A progressiva reforma trabalhista que regulamenta a terceirização nos contratos de trabalho e a abertura dos gabinetes do governo de Castillo ao diálogo com as organizações populares expressaram de certa forma o precário dique que representavam contra a ultradireita que não conseguia se agachar no poder executivo, mas que contraditoriamente ao mesmo tempo era a limitação da estratégia defensiva do governo que só recorreu ao movimento popular para resistir aos ataques do congresso golpista.

Após os dois primeiros gabinetes ministeriais de caráter progressista que duraram até o final de janeiro de 2022, nenhum referente do movimento indígena ou camponês entrou no Executivo, mas foram os profissionais provinciais e a burguesia emergente regional que consolidaram seu protagonismo no governo. Com o respaldo sustentado do presidente Castillo, gerou um deslocamento parcial da tecnocracia neoliberal, mas ao mesmo tempo resguardou seu papel nas pastas de Economia e Finanças, Banco Central e Superintendência de Bancos e Seguros. Em meio ano de governo, a esquerda liberal foi expulsa do gabinete ministerial enquanto a esquerda provincial permaneceu em algumas pastas, oscilando do partido no poder à oposição e vice-versa repetidamente, sem considerar seriamente uma política de frente única.

Castillo não fortaleceu os movimentos populares nem construiu um partido político, instrumentos necessários para dar um projeto político nacional à direção populista que chegou ao governo em aliança com o partido Peru Libre e o movimento dos professores. Se Ollanta Humala capitulou à CONFIEP durante seu governo (2011-2016), o governo Castillo capitulou à tecnocracia neoliberal que, em meio ano e sem derrubá-lo, recuperou as molas econômicas do Estado peruano. Não promoveu projetos extrativistas a sangue e fogo contra o campesinato nem levou a cabo políticas de ajuste neoliberal, limitando-se a manter no piloto automático as colunas do capitalismo neoliberal peruano. Antes da greve agrária e de transportes de abril de 2022 liderada por Huancayo, capital da região de Junín, inicialmente recorreu a uma resposta repressiva na área de conflito social, mas finalmente canalizou suas demandas nos conselhos descentralizados de ministros, sem considerar saídas de fundos.

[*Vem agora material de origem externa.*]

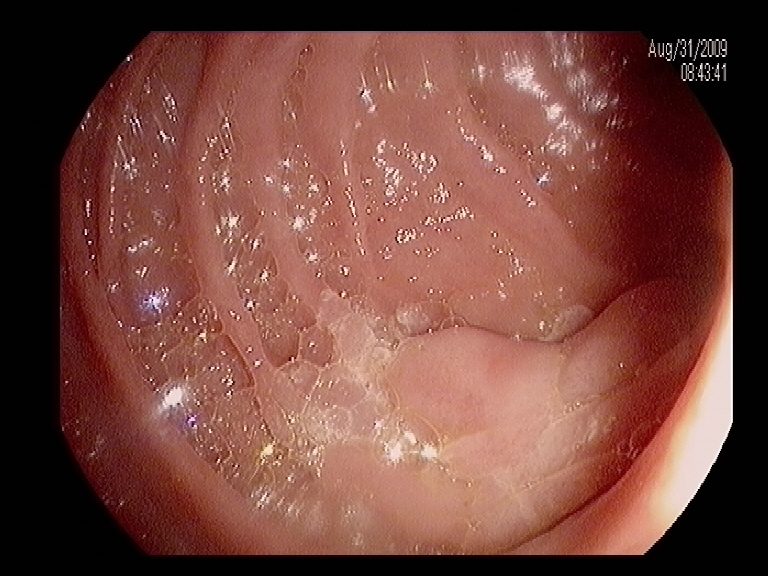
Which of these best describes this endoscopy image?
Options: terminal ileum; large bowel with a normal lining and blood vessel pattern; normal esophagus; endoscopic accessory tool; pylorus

terminal ileum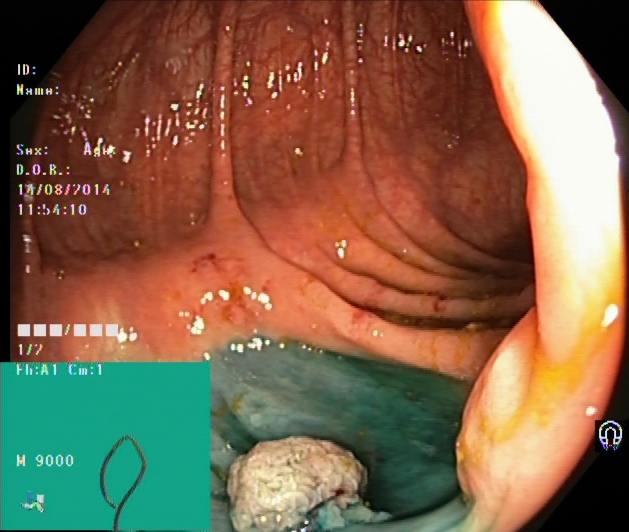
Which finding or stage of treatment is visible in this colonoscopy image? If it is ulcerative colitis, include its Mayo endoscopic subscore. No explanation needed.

O golpe parlamentar e a ascensão de Boluarte

O golpe parlamentar contra Pedro Castillo em 7 de dezembro de 2022 desencadeou a solidariedade de classe nas regiões do Peru, principalmente no sul dos Andes, desencadeando importantes mobilizações populares em Apurímac e Ayacucho. Em Lima, o movimento dos professores e os grupos populistas do centro da capital foram os primeiros a se mobilizar diante de um acontecimento político inédito: horas antes, o presidente proclamava em rede nacional a dissolução do Congresso e a convocação de um Congresso constituinte.

Até agora, é um mistério quais fatores Castillo ponderou para decidir dar um passo político tão importante sem contar com o apoio de seus ministros ou das forças de ordem. A verdade é que a ascensão de Dina Boluarte à primeira magistratura ocorreu por meio de um golpe institucional com o apoio da ultradireita parlamentar, que sitiou sistematicamente o governo Castillo e atrofiou o equilíbrio de poderes.

Boluarte estabeleceu um regime cívico-militar autoritário em co-governo com o congresso golpista, que pretendia até ficar até 2026 (mas teve que recuar diante da mobilização popular; sua contraproposta para as eleições de 2024 foi deixada nas mãos do congresso golpista). A essa altura, as greves regionais se espalharam por todo o sul dos Andes, à medida que a repressão do governo aumentava. Em 15 de dezembro, quando a primeira greve nacional foi convocada pela Assembleia Nacional dos Povos (ANP), ocorreu um massacre perpetrado pelas Forças Armadas e Policiais em Huanta (Ayacucho) com um saldo trágico de 10 manifestantes assassinados em um único dia.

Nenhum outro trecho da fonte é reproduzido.